▸ **Task goal**
Transcribe exactly every line from the one with "Answer: Positive correlation" to the last line of the listing below, including both.

▸ **The data**
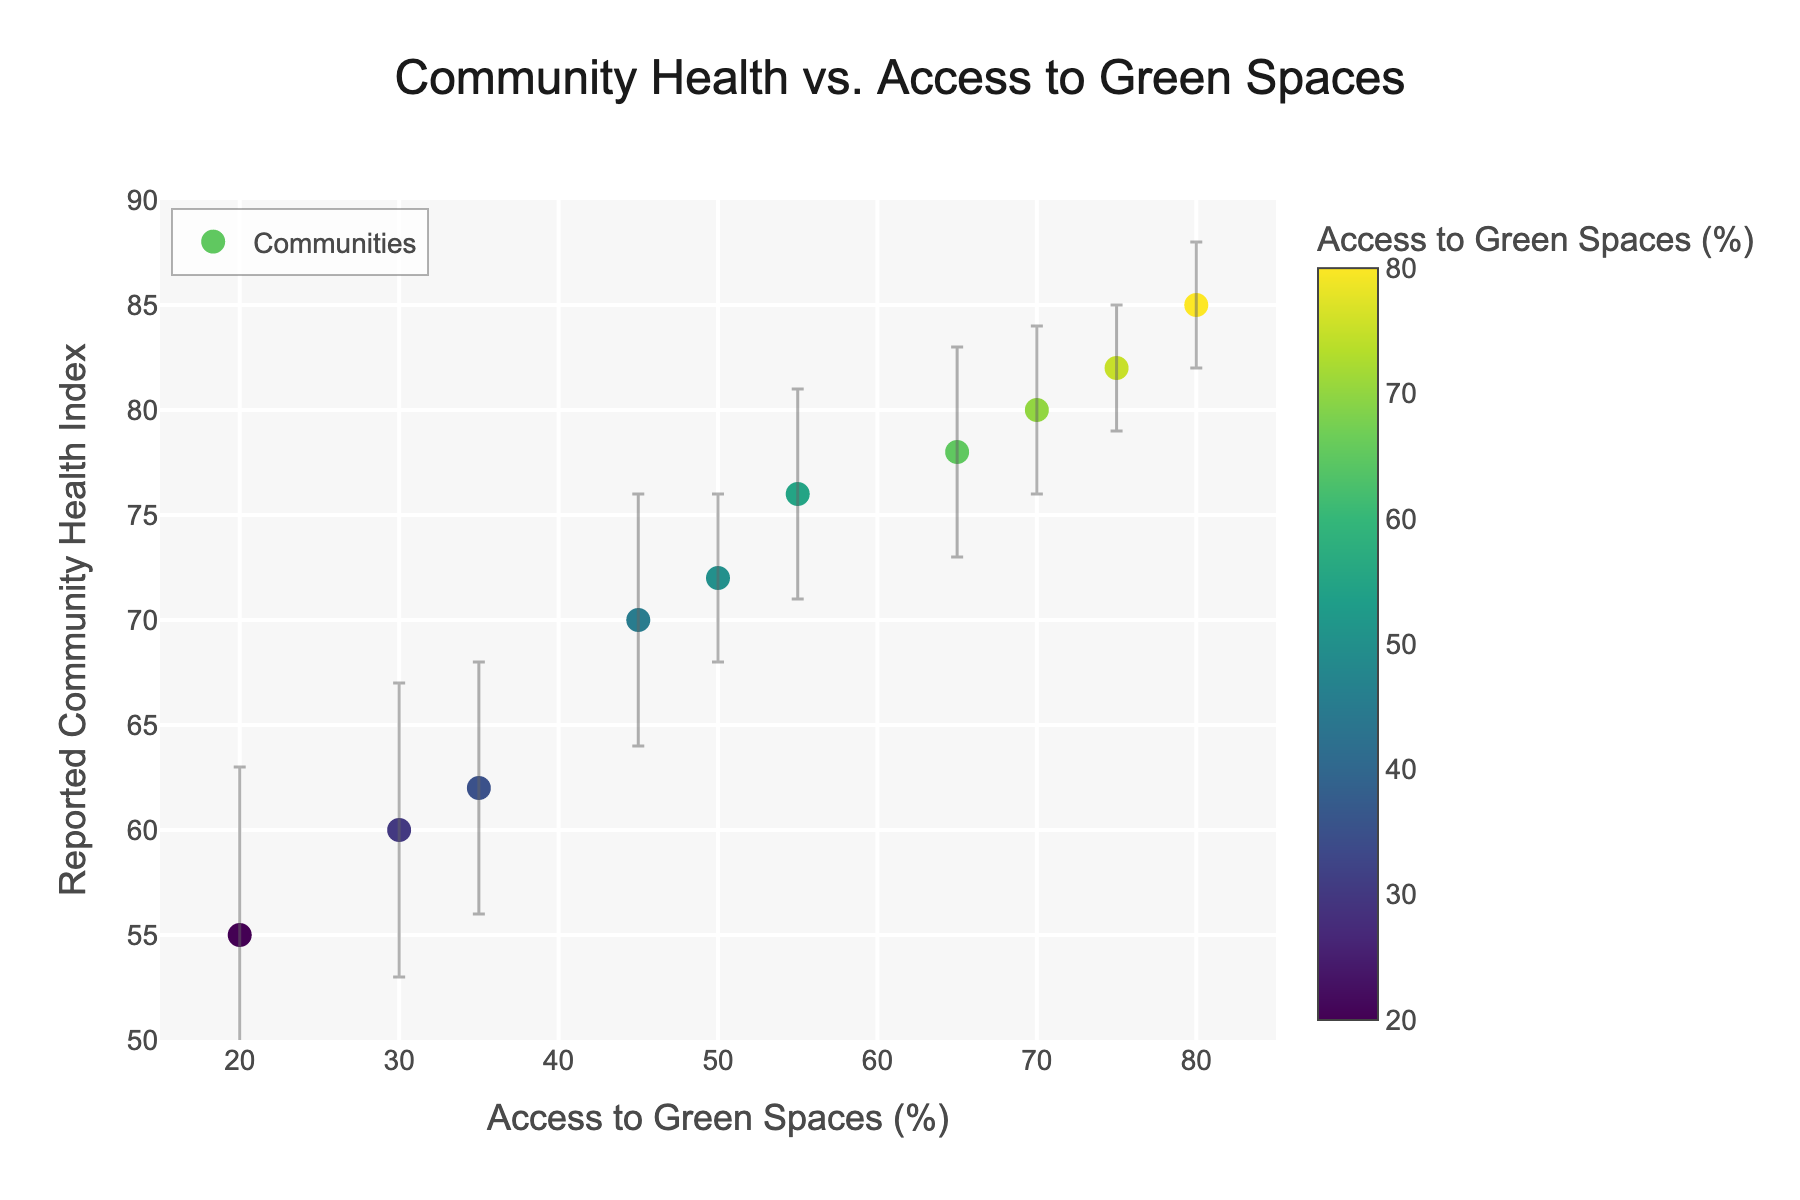How many communities are represented in the figure? Count the number of data points (markers) on the scatter plot. Each marker represents one community.
Answer: 10 What is the title of the figure? Look at the top center of the figure to find the title.
Answer: Community Health vs. Access to Green Spaces Which community has the highest reported community health index? Identify the marker that is highest on the y-axis and note the community from the hover text.
Answer: Greenfield What is the range of access to green spaces (%) displayed in the figure? Look at the x-axis to find the minimum and maximum values.
Answer: 20% to 80% How does the reported health index of Sunvalley compare to Brookside? Find the y-values for Sunvalley and Brookside. Compare the two values.
Answer: Sunvalley has a higher health index than Brookside Which community has the largest standard deviation in reported community health index? Look at the length of the error bars for each marker and identify the longest one.
Answer: Havenpark What is the general trend observed between access to green spaces and reported community health index? Observe the overall distribution of data points; higher access to green spaces correlates with a higher health index.
Answer: Positive correlation What's the average reported community health index for communities with access to green spaces greater than 50%? Identify the health indexes for communities with access > 50% and compute their average: (78 + 85 + 80 + 76 + 82) / 5 = 80.2
Answer: 80.2 Which community has the lowest access to green spaces and what is their reported health index? Identify the marker at the furthest left on the x-axis and note the community and its health index from the hover text.
Answer: Havenpark, 55

▸ **Response to the exercise**
Answer: Positive correlation What's the average reported community health index for communities with access to green spaces greater than 50%? Identify the health indexes for communities with access > 50% and compute their average: (78 + 85 + 80 + 76 + 82) / 5 = 80.2
Answer: 80.2 Which community has the lowest access to green spaces and what is their reported health index? Identify the marker at the furthest left on the x-axis and note the community and its health index from the hover text.
Answer: Havenpark, 55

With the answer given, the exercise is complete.